Cinque Terre // Heaven On Earth



It’s crazy that it’s been almost nine months since the weekend a small group of us traveled together to one of the most magical places on earth. This was one of my favorite weekend trips despite having to cut it short. The weather forecast for the couple weeks leading up to this trip was calling for rain, rain, and more rain. We couldn’t change the dates of our trip so we all just prayed and begged God for beautiful weather and He did not fail to provide. Not only was it sunny, but it was warm. Gorgeous temperatures and the warm sunshine allowed us to watch two spectacular sunsets, jump into the Mediterranean Sea and sunbathe on the rocks.

We ended up going on the last weekend of October and had the WORST time ever trying to get our train reservations (this started a deep seated resentment against Italian trains which hasn’t gone away). However, somehow it all worked out and we made reservations for a night train from Vienna to Cinque Terre (technically, the night train took us to Venice and then several hours/most of the day and three train hops later we were in Cinque Terre).

Night trains in Europe were always an interesting experience and this one was no exception. However, waking up to this view outside our compartment window helped to make the bad sleep, snoring strangers, and constant interruptions a little more worth it.

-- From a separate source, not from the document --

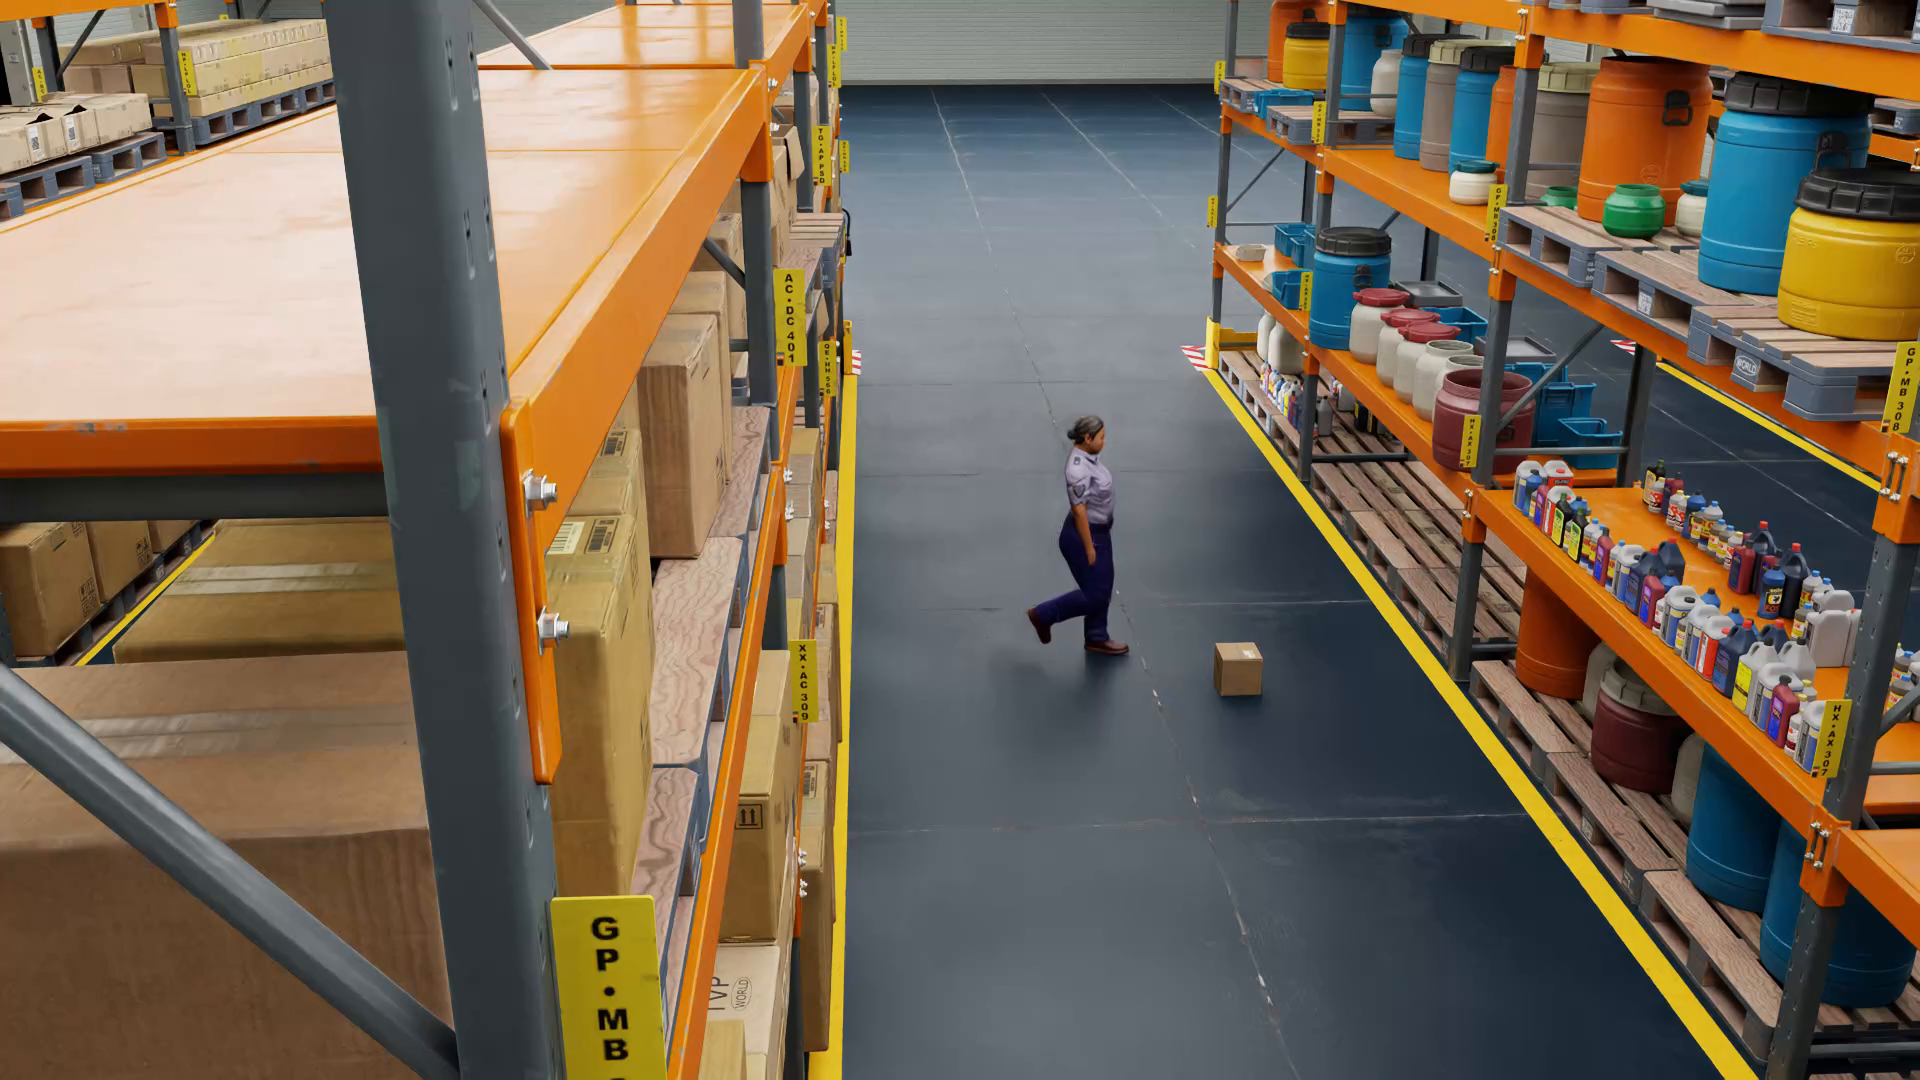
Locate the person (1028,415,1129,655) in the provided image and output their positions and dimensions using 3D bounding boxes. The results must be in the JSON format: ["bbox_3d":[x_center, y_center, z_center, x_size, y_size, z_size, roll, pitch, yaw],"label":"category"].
[{"bbox_3d":[0.777,-0.018,10.620,0.642,1.626,0.509,5,21,13],"label":"person"}]

We made the decision to rent airbnb’s for this trip and I cannot say enough about them! We had eight of us on this trip so four of us lived in one and the other four lived in another one a little ways up the street. In the pictures below, the door on the right was our front door and the steps on the left were the steep steps up to said door. One of the nicest things about having a little apartment was the total privacy and freedom, not to mention it’s a step nicer than hostels since you get a kitchen, private bathroom, and private bedrooms.

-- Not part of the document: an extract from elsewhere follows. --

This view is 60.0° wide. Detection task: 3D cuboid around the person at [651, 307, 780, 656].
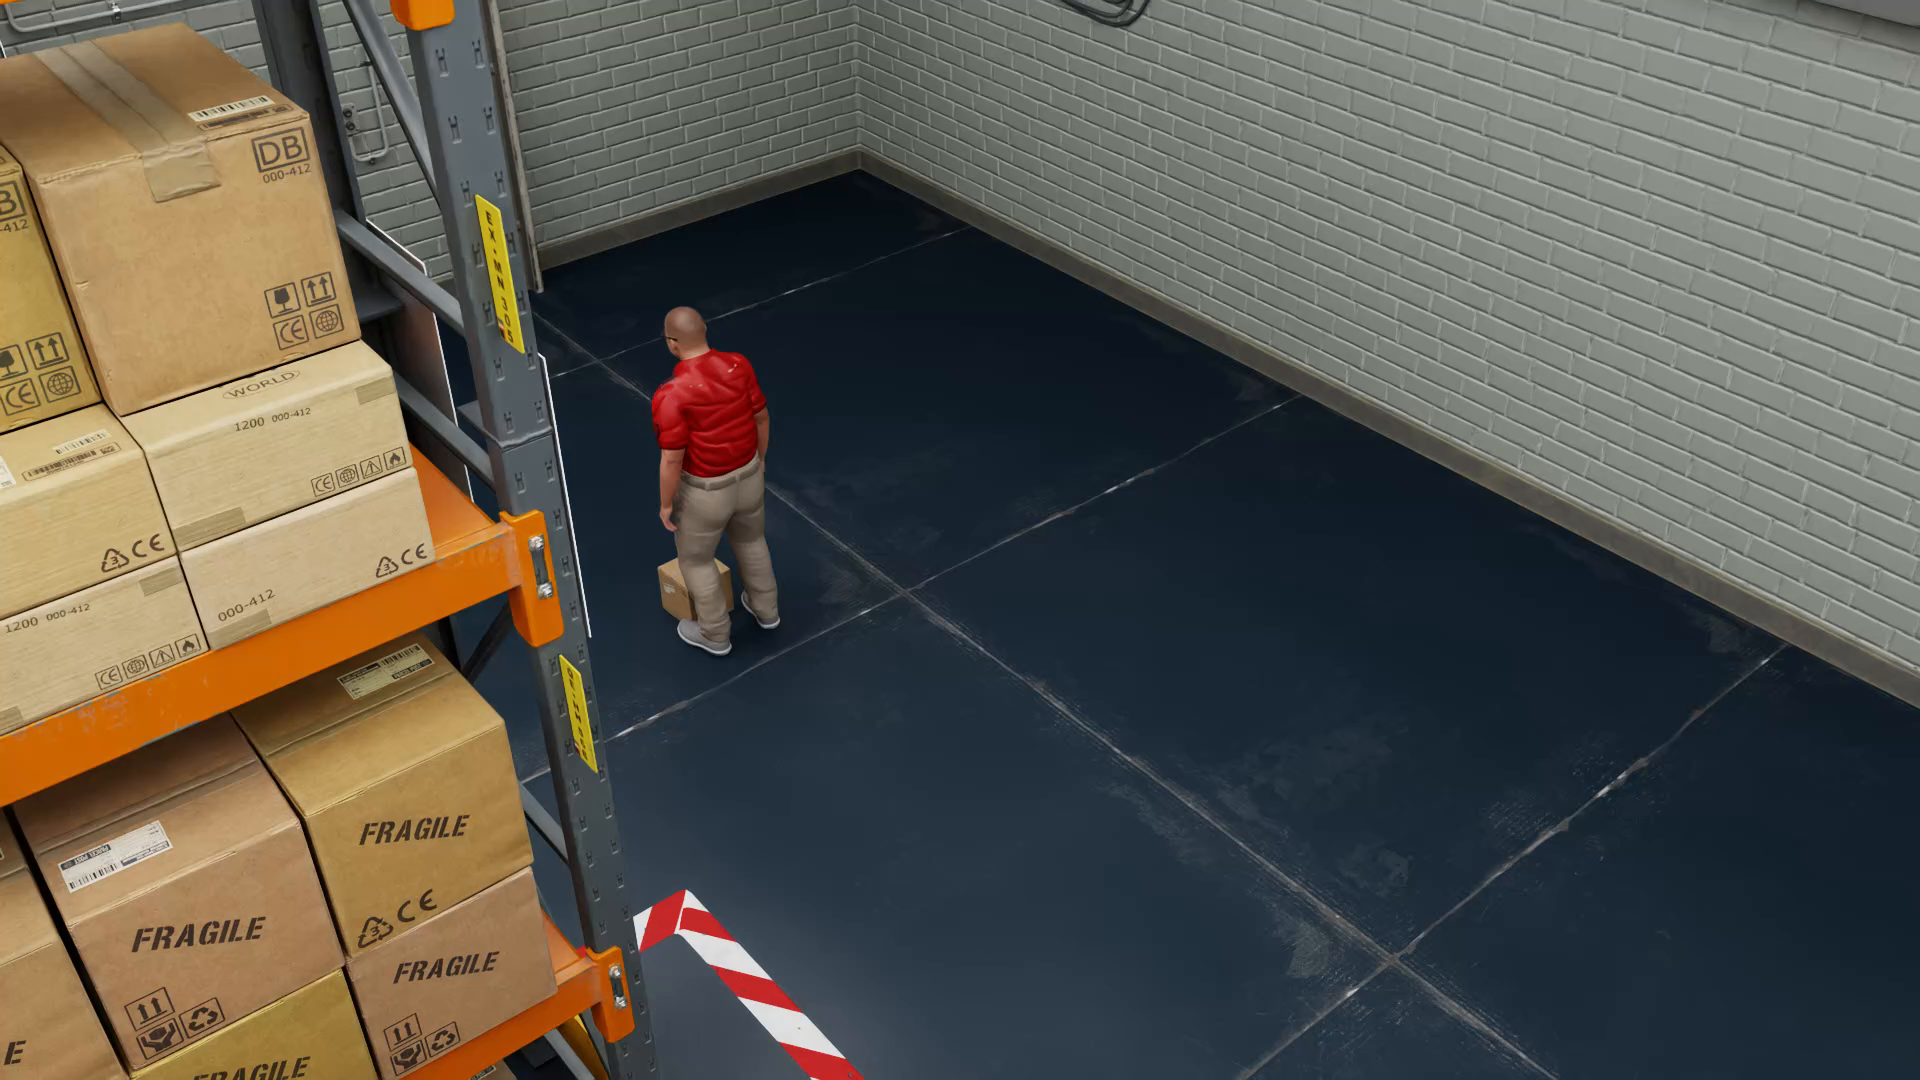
[{"bbox_3d":[-1.100,-0.255,7.447,0.594,1.725,0.393,-29,45,-34],"label":"person"}]
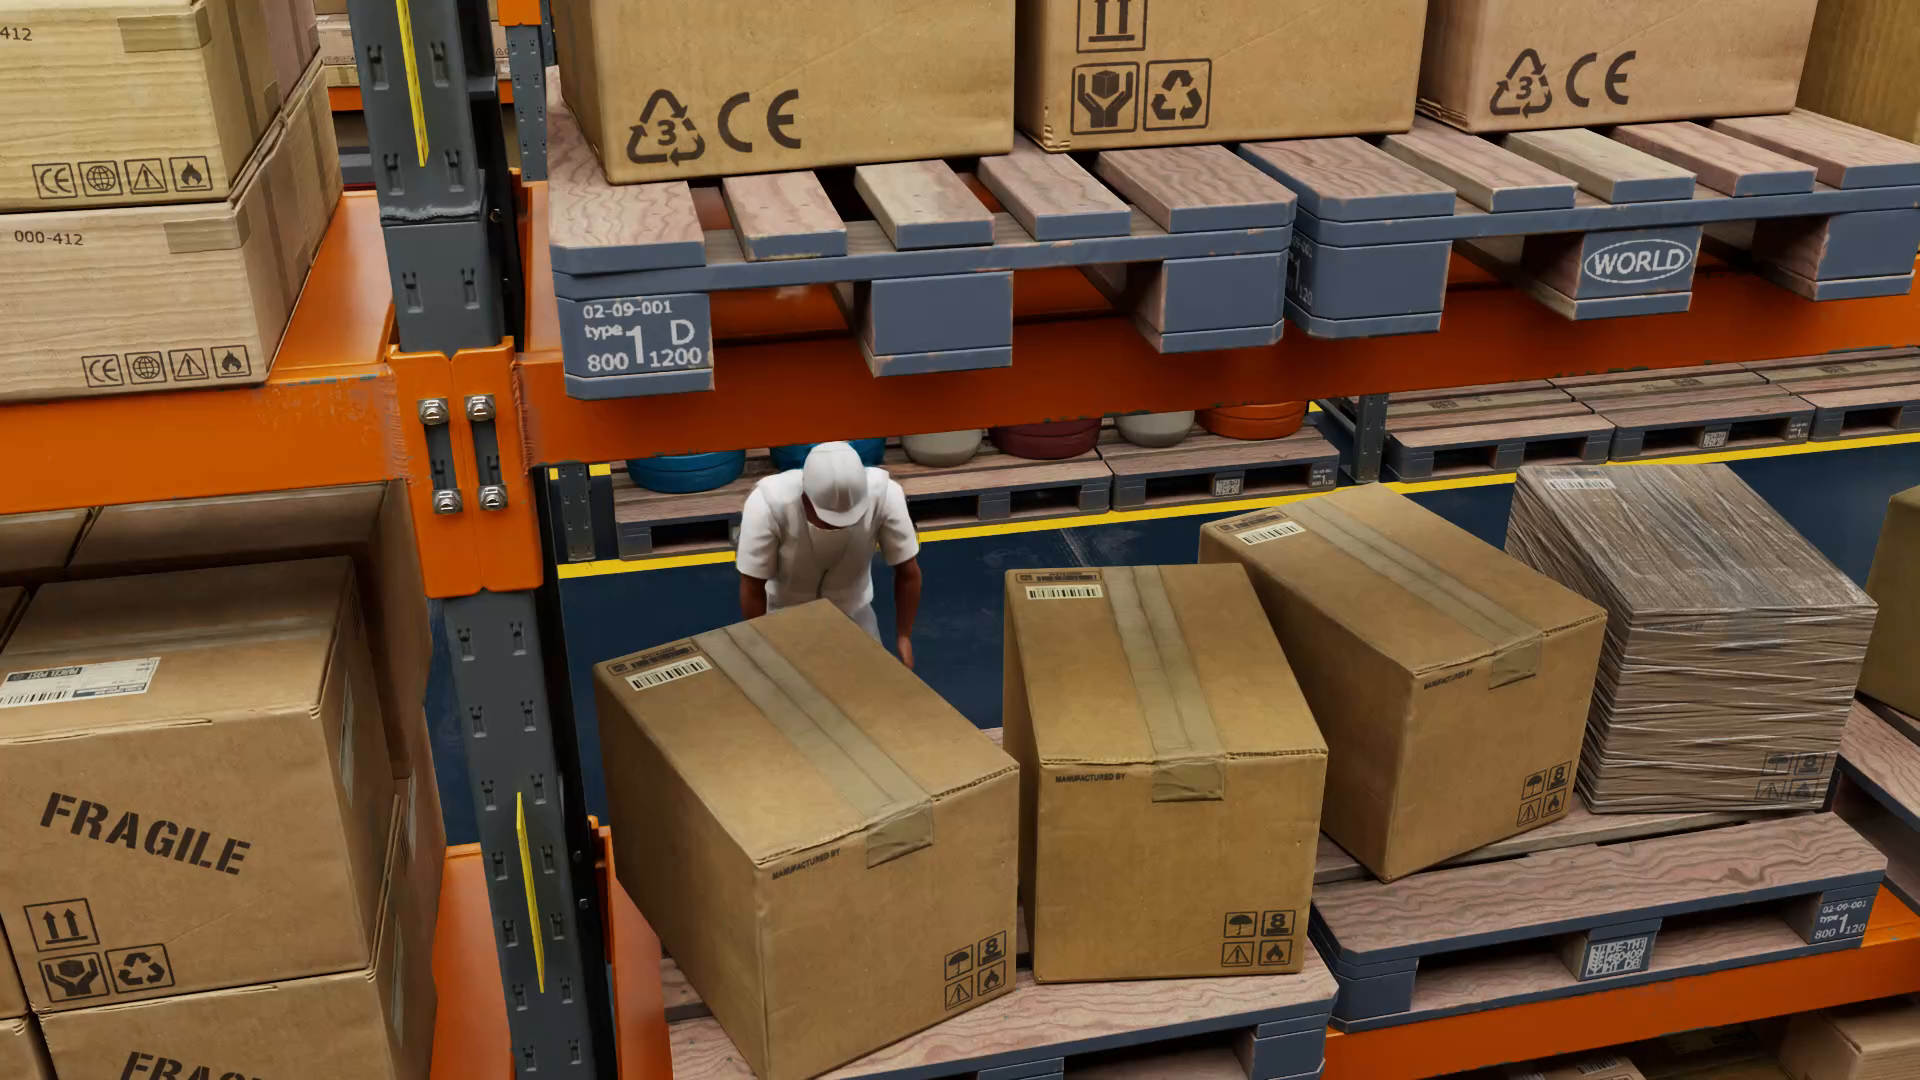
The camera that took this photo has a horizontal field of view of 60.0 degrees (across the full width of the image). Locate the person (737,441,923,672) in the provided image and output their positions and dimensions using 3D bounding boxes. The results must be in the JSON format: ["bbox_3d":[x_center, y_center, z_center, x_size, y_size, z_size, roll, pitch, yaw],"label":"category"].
[{"bbox_3d":[-0.447,0.291,5.757,0.625,1.543,0.666,-6,27,-11],"label":"person"}]

50We stayed in Riomaggiore, the southernmost of the five towns that make up Cinque Terre, and we spent our first evening exploring the streets and rocks down by the water before hiking up to the upper part of the town to watch the sun set over this magical place.

We only had one full day so we made the most of it by getting an early start and taking the 3 or 4 min train ride to the next town, Manarola.


From Manarola it was on to Corniglia. Corniglia is the middle town and set high up on a cliff (the train drops you off at the bottom and you have the option to take a bus up or walk up almost 400 stairs…we chose the stairs). When planning for this we almost decided to skip Corniglia because it doesn’t have a beach and we assumed it would be the most boring of the five towns. However, I’m so glad we decided to go anyway because it ended up being one of our favorites and housed some of our favorite memories of the day. The streets were so beautiful and narrow and we had some of the BEST gelato in all of Italy. But I think my favorite part was sitting on a rock wall on one of the highest parts of the town, looking out at the Mediterranean Sea far below us. For a while we sat there in silence, soaking it all in and then someone turned on praise and worship and it turned into this beautiful praise session right there on what felt a little bit like the top of the world.


The next town, Vernazza, was easily my favorite (and I can probably speak for the rest of our group and say it was the favorite for us all). We started by climbing the narrow streets up to the tower that overlooks the rest of the town. From there we could see the beach that you access through a tunnel underneath the houses right on the main street. The first time we walked down the main street we hadn’t even noticed the tunnel as it sort of blends right in with the town.


Some of our group decided to hike from Vernazza to the last town, Monterrosso, but I decided to ride the train up to Monterrossa with two others and briefly explor it (it was much more touristy and so we didn’t spend much time there) before coming back to Vernazza for the sunset.


Then once the sun set I hiked up a little ways into the hills and vineyards surrounding the town to take some more pictures of Vernazza at dusk.


That night we went back down to the water in Riomaggiore and watched the stars before finally heading to bed to get a few hours of sleep before our very early train home. We were extremely blessed by absolutely beautiful weather. The weather forecast for the couple weeks leading up to our trip were calling for rain, rain and more rain but the Lord blessed us with sunshine and 70-80 degree weather, we were able to sit outside in the sunshine, jump into the water, lay out on the rocks by the beach and thoroughly enjoy this little slice of heaven.